> [DATA SUPPLIED]:
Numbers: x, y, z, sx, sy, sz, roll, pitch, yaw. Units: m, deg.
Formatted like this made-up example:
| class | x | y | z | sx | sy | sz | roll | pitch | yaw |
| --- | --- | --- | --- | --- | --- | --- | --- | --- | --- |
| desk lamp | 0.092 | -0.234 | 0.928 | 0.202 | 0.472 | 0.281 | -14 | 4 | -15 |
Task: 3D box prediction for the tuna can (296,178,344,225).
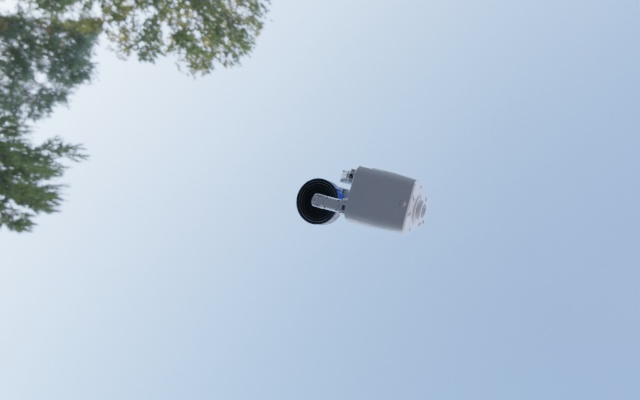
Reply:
| class | x | y | z | sx | sy | sz | roll | pitch | yaw |
| --- | --- | --- | --- | --- | --- | --- | --- | --- | --- |
| tuna can | 0.000 | 0.003 | 0.884 | 0.086 | 0.086 | 0.034 | 0 | -5 | 25 |
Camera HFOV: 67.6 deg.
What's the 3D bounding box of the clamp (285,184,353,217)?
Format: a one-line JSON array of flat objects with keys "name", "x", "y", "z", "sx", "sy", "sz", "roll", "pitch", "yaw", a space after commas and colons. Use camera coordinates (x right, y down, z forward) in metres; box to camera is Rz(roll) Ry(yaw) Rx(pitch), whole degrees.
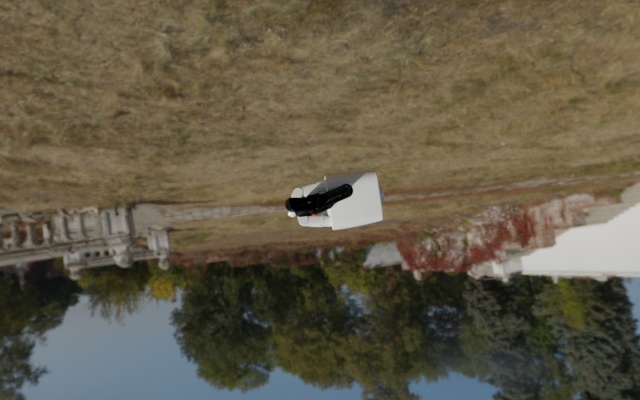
[{"name": "clamp", "x": 0.000, "y": 0.004, "z": 0.888, "sx": 0.120, "sy": 0.039, "sz": 0.171, "roll": -10, "pitch": -5, "yaw": 0}]

> [TASK PROMPT]: Would you write out the material above in full, exactly as given, except for its pictures?

> [OUTPUT]:
Numbers: x, y, z, sx, sy, sz, roll, pitch, yaw. Units: m, deg.
Formatted like this made-up example:
| class | x | y | z | sx | sy | sz | roll | pitch | yaw |
| --- | --- | --- | --- | --- | --- | --- | --- | --- | --- |
| desk lamp | 0.092 | -0.234 | 0.928 | 0.202 | 0.472 | 0.281 | -14 | 4 | -15 |
Task: 3D box prediction for the tuna can (296,178,344,225).
Reply:
| class | x | y | z | sx | sy | sz | roll | pitch | yaw |
| --- | --- | --- | --- | --- | --- | --- | --- | --- | --- |
| tuna can | 0.000 | 0.003 | 0.884 | 0.086 | 0.086 | 0.034 | 0 | -5 | 25 |
Camera HFOV: 67.6 deg.
What's the 3D bounding box of the clamp (285,184,353,217)?
Format: a one-line JSON array of flat objects with keys "name", "x", "y", "z", "sx", "sy", "sz", "roll", "pitch", "yaw", a space after commas and colons. Use camera coordinates (x right, y down, z forward) in metres; box to camera is Rz(roll) Ry(yaw) Rx(pitch), whole degrees.
[{"name": "clamp", "x": 0.000, "y": 0.004, "z": 0.888, "sx": 0.120, "sy": 0.039, "sz": 0.171, "roll": -10, "pitch": -5, "yaw": 0}]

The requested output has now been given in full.